Records from a data source:
*** Block opens ***
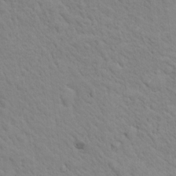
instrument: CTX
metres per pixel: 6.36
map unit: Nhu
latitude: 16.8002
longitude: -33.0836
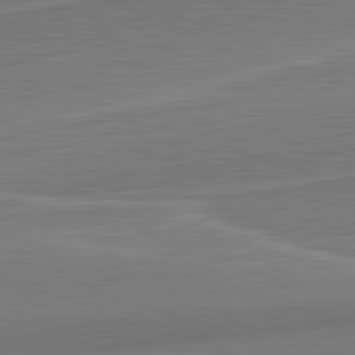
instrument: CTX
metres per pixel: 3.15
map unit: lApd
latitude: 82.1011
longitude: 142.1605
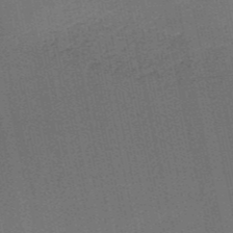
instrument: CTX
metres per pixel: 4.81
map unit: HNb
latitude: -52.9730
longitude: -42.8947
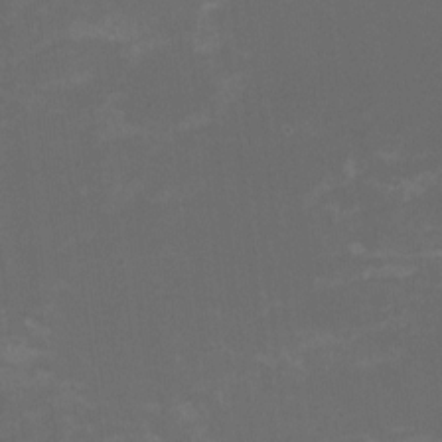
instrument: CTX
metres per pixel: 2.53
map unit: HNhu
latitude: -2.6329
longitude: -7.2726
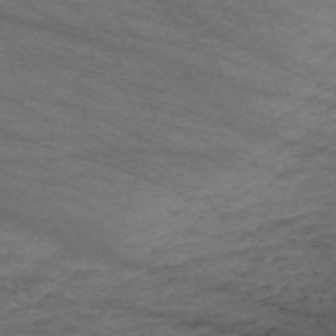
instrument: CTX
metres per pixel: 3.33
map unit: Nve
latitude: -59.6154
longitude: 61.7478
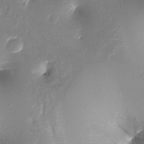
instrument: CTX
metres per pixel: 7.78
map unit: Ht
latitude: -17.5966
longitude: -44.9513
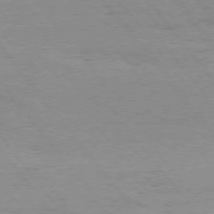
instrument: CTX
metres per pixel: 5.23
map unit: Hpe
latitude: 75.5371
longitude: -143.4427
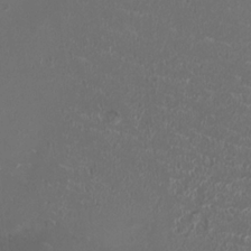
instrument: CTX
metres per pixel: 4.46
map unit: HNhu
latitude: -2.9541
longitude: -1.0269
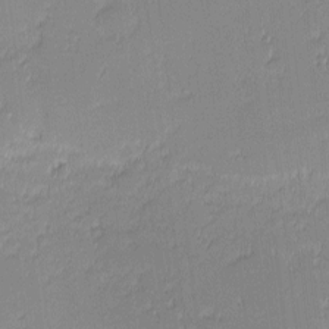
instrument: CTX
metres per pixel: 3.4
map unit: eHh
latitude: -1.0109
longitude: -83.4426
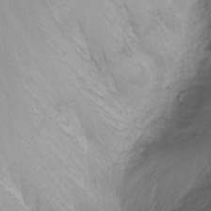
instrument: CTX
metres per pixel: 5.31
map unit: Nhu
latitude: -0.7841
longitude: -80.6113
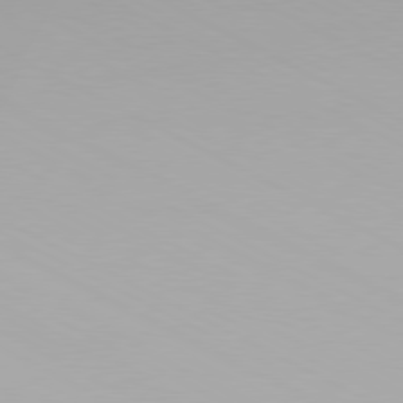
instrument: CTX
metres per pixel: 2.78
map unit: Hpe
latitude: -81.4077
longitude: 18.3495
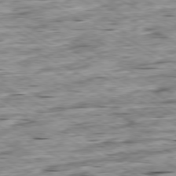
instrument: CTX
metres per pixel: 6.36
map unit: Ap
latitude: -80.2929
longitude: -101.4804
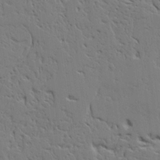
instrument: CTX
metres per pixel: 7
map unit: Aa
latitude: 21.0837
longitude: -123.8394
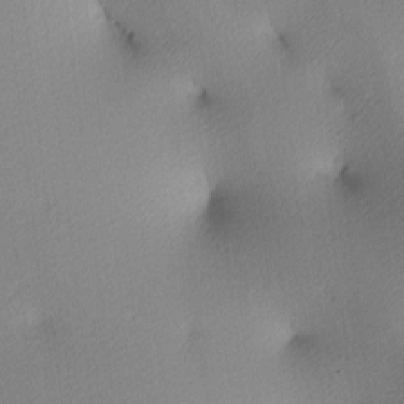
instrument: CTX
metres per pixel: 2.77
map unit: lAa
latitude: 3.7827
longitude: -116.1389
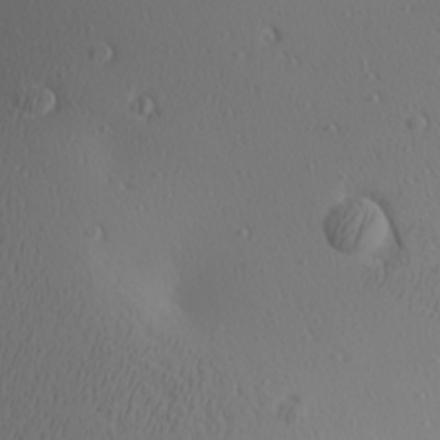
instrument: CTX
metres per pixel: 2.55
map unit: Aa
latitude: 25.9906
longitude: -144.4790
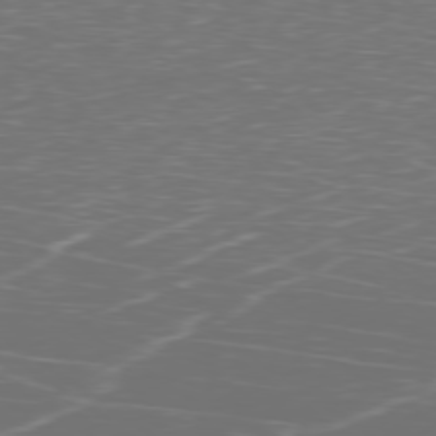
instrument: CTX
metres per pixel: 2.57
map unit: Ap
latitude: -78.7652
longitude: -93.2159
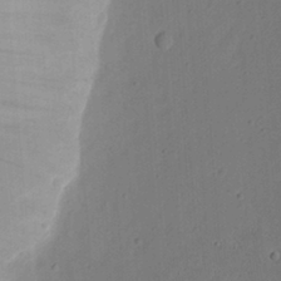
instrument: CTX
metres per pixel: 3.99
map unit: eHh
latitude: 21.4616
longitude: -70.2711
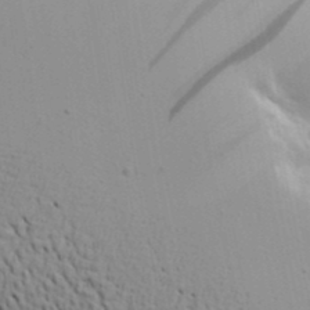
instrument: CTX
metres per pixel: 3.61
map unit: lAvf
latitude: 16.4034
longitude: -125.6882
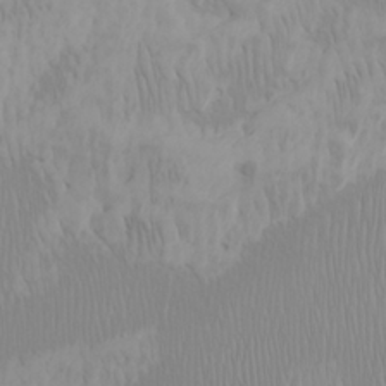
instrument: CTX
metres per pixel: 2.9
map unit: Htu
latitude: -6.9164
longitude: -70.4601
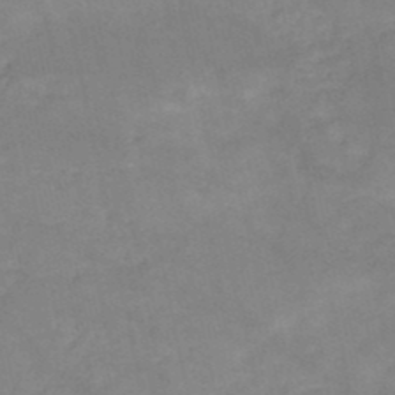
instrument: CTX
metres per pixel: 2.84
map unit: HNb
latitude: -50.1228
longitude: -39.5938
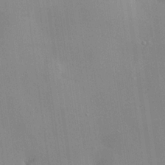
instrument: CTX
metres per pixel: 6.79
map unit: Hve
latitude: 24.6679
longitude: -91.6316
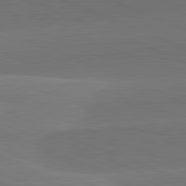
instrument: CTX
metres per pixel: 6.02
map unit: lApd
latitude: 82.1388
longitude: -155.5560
*** Block closes ***
Each line above should be printed again exactly, though the pictures should not be.

instrument: CTX
metres per pixel: 6.36
map unit: Nhu
latitude: 16.8002
longitude: -33.0836
instrument: CTX
metres per pixel: 3.15
map unit: lApd
latitude: 82.1011
longitude: 142.1605
instrument: CTX
metres per pixel: 4.81
map unit: HNb
latitude: -52.9730
longitude: -42.8947
instrument: CTX
metres per pixel: 2.53
map unit: HNhu
latitude: -2.6329
longitude: -7.2726
instrument: CTX
metres per pixel: 3.33
map unit: Nve
latitude: -59.6154
longitude: 61.7478
instrument: CTX
metres per pixel: 7.78
map unit: Ht
latitude: -17.5966
longitude: -44.9513
instrument: CTX
metres per pixel: 5.23
map unit: Hpe
latitude: 75.5371
longitude: -143.4427
instrument: CTX
metres per pixel: 4.46
map unit: HNhu
latitude: -2.9541
longitude: -1.0269
instrument: CTX
metres per pixel: 3.4
map unit: eHh
latitude: -1.0109
longitude: -83.4426
instrument: CTX
metres per pixel: 5.31
map unit: Nhu
latitude: -0.7841
longitude: -80.6113
instrument: CTX
metres per pixel: 2.78
map unit: Hpe
latitude: -81.4077
longitude: 18.3495
instrument: CTX
metres per pixel: 6.36
map unit: Ap
latitude: -80.2929
longitude: -101.4804
instrument: CTX
metres per pixel: 7
map unit: Aa
latitude: 21.0837
longitude: -123.8394
instrument: CTX
metres per pixel: 2.77
map unit: lAa
latitude: 3.7827
longitude: -116.1389
instrument: CTX
metres per pixel: 2.55
map unit: Aa
latitude: 25.9906
longitude: -144.4790
instrument: CTX
metres per pixel: 2.57
map unit: Ap
latitude: -78.7652
longitude: -93.2159
instrument: CTX
metres per pixel: 3.99
map unit: eHh
latitude: 21.4616
longitude: -70.2711
instrument: CTX
metres per pixel: 3.61
map unit: lAvf
latitude: 16.4034
longitude: -125.6882
instrument: CTX
metres per pixel: 2.9
map unit: Htu
latitude: -6.9164
longitude: -70.4601
instrument: CTX
metres per pixel: 2.84
map unit: HNb
latitude: -50.1228
longitude: -39.5938
instrument: CTX
metres per pixel: 6.79
map unit: Hve
latitude: 24.6679
longitude: -91.6316
instrument: CTX
metres per pixel: 6.02
map unit: lApd
latitude: 82.1388
longitude: -155.5560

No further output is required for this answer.